Posted inBanking & InsuranceNews

Sharjah Islamic Bank’s profit jumps 25% in Q1 on fee growth and lower provisions

Income from Islamic financing and Sukuk reached Dh914.3 million in the quarter, up from Dh858.1 million a year earlier.

Credit: Sharjah Islamic Bank

Sharjah Islamic Bank reported a net profit of Dh318.9 million for the first quarter of 2025, a 24.6% increase from Dh255.9 million in the same period last year. The rise was supported by stronger income from Islamic financing and Sukuk, a sharp increase in fee and commission income, and a recovery in credit provisions.

Income from Islamic financing and Sukuk reached Dh914.3 million in the quarter, up from Dh858.1 million a year earlier. Distributions to depositors and Sukuk holders rose to Dh546.9 million, compared to Dh490 million in the first quarter of 2024. Net fee and commission income grew to Dh107.6 million from Dh77.8 million, reflecting the bank’s effort to diversify its income base.

Total operating income rose to Dh531.7 million from Dh504.7 million. Operating expenses increased to Dh198.3 million, compared to Dh178.1 million a year ago, driven by investments in staffing, technology and infrastructure. Net operating income before provisions stood at Dh333.4 million, up from Dh326.7 million in the same period last year.

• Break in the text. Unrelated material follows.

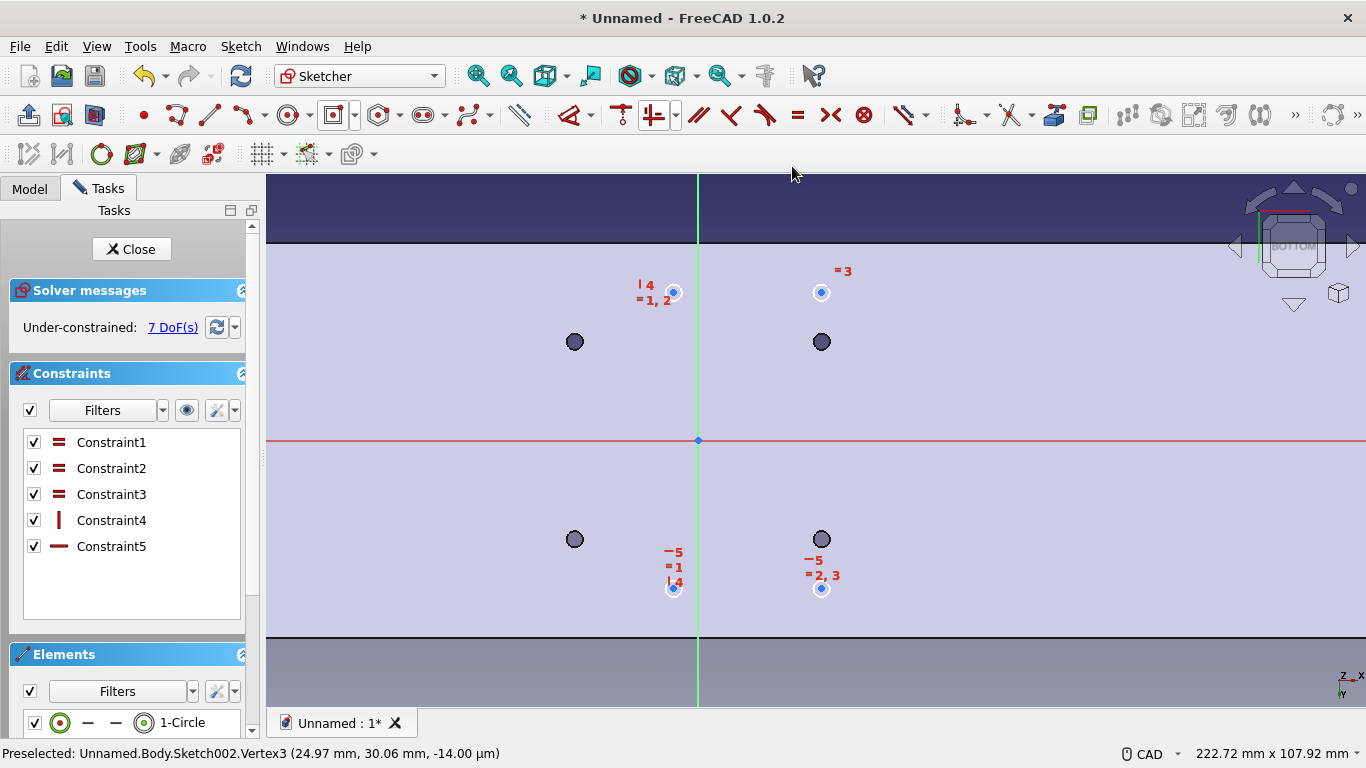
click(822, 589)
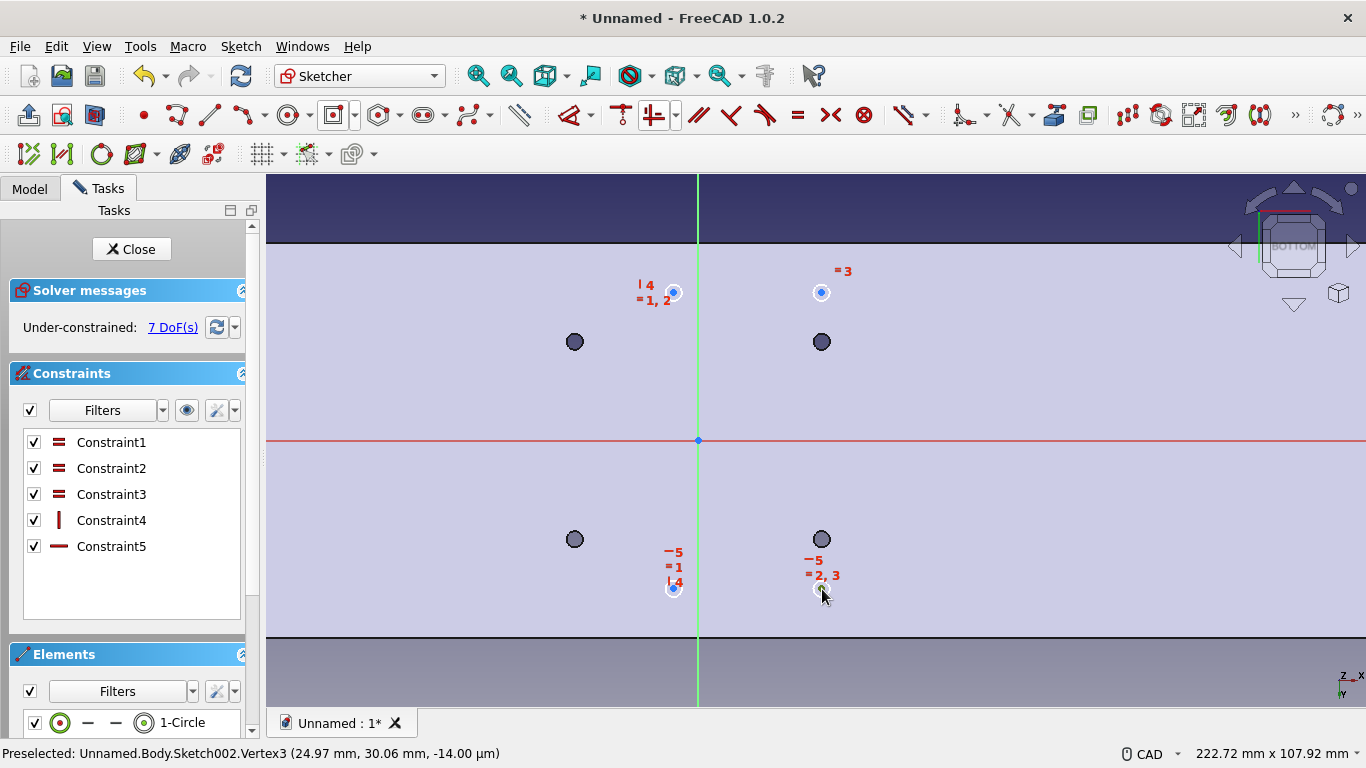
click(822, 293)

The bank recorded a net recovery in impairment provisions of Dh17.2 million, compared to a charge of Dh45 million in the first quarter of 2024, reflecting improved asset quality. This supported a 24.5% rise in profit before tax, which reached Dh350.6 million, compared to Dh281.7 million last year.

Total assets stood at Dh82.8 billion at the end of March, an increase from Dh79.2 billion at the end of 2024. Customer financing grew to Dh40.3 billion from Dh37.7 billion. Customer deposits reached Dh52.1 billion, compared to Dh51.8 billion in December, bringing the financing-to-deposit ratio to 77.4%, up from 72.8%.

Liquidity remained steady, with Dh18.1 billion in liquid assets, representing 21.8% of total assets. Shareholders’ equity rose to Dh8.2 billion, accounting for 9.9% of total assets. Return on assets improved to 1.58%, up from 1.44%, while return on equity rose to 15.5% from 12.76%.